This month I’m introducing an author who is new to me – Rochelle Alers. I read her book, Take the Long Way Home which was recommended to me by an author friend.
Women’s fiction writer Rochelle Alers was born and raised in Manhattan, she published her first novel, Hideaway in 1985. Now almost two million copies of her novels are in print, and they have regularly appeared on the Waldenbooks, Borders, and Essence bestseller lists. She has been awarded the Gold Pen Award, the Emma Award, the Vivian Stephens Award for Excellence in Romance Writing, the Romantic Times Career Achievement Award, and the Zora Neale Hurston Literary Award. After retiring from her job as a Community Liaison Specialist for a state funded abuse program in Long Island, Rochelle writes full-time. For additional information go to https://rochellealers.org/ .
Take the Long Way Home
In a small Mississippi town founded and inhabited by generations of freed slaves, Claudia Patterson was born in the midst of the segregation struggles in America. Ms. Alers seamlessly spans the journey of Claudia’s life through decades, continents and relationships. Capturing readers with Claudia’s early inquisitive, yet childlike thoughts on living in the south during America’s turbulent 40’s, 50’s and 60’s, through her maturity into adult life as a student of numerous languages, Freedom Fighter, wife, and independently successful woman. Intertwined with the influences of the four men who greatly impacted her life in vastly different ways along her journey, this complex study of race, gender and relationship struggles is beautifully crafted by Alers.
Having read many historical fiction novels, for me this one presented the American racial divide from a different perspective.
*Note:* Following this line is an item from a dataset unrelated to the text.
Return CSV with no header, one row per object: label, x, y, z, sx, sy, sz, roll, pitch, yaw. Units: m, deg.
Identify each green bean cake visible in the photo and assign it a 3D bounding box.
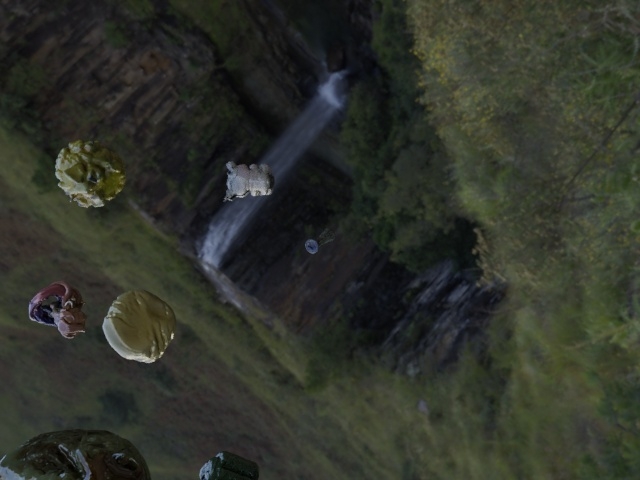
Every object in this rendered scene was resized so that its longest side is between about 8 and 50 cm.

Although living in the South, they were somewhat sheltered due to the fact that her family lived and worked in the small all-negro town of Freedom, Mississippi. Her parents were business owners, who welcomed their only child in 1940. A bit pampered, Claudia enjoyed the love and attention of her parents, her grandmother-who also shared the responsibility of raising her, as well as her mother’s two sisters. Learning perseverance from her parents, strength from her grandmother, the gift of languages from her Aunt Mavis, and a bit of wanderlust from her Aunt Virgie, Claudia had a strong foundation from which to build her life.
In the comfort of her secure environment, as a young girl Claudia learned of the world through the books she read, and of friendship and childhood discoveries with her best friend Janice. Until one day when the girl’s paths separate and we meet the first of the four men. After that, the friend’s paths are never quite able to converge in the same way again.
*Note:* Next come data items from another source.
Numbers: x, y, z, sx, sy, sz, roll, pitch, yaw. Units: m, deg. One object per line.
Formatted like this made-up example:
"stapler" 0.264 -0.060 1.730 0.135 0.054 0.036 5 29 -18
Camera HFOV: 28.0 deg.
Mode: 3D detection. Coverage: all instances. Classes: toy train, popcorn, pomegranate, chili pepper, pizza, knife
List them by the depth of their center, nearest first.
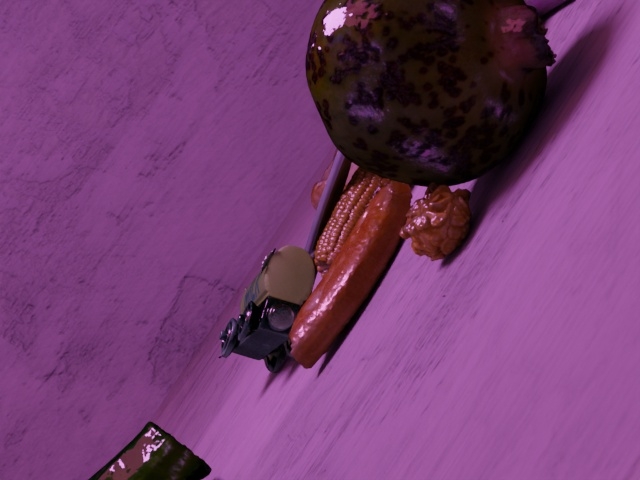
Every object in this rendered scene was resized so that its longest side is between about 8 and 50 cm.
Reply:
"popcorn" 0.117 -0.020 1.270 0.083 0.057 0.082 -52 8 13
"pomegranate" 0.120 -0.177 1.299 0.270 0.254 0.254 -7 40 37
"pizza" 0.037 0.042 1.590 0.271 0.056 0.134 -61 10 -31
"chili pepper" -0.298 0.408 1.771 0.385 0.167 0.213 -54 8 7
"toy train" -0.069 0.091 1.805 0.253 0.105 0.157 132 153 -71
"knife" -0.001 0.000 1.819 0.061 0.027 0.343 -41 -26 -52

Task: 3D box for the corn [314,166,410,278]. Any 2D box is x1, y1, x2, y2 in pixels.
"corn" 0.063 -0.047 1.759 0.238 0.080 0.080 -58 6 -27

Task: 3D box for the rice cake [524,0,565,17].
"rice cake" 0.271 -0.304 1.627 0.055 0.049 0.270 -35 3 -9

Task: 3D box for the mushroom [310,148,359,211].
"mushroom" 0.101 -0.188 2.204 0.351 0.095 0.123 -58 26 -15

Beginning at the end, Alers piques our interest with a present-day prologue that concludes with, “…she chided herself for wanting to come back to a place where she’d endured fear and unhappiness, but knew she had to because she needed closure. Claudia did not want to admit to herself that her life was like a book- with a prologue, and then filled with many chapters until it concluded with an epilogue. It didn’t begin in 1940- the year of her birth- but in late spring, 1952, when she’d met Denny Clark for the first time.”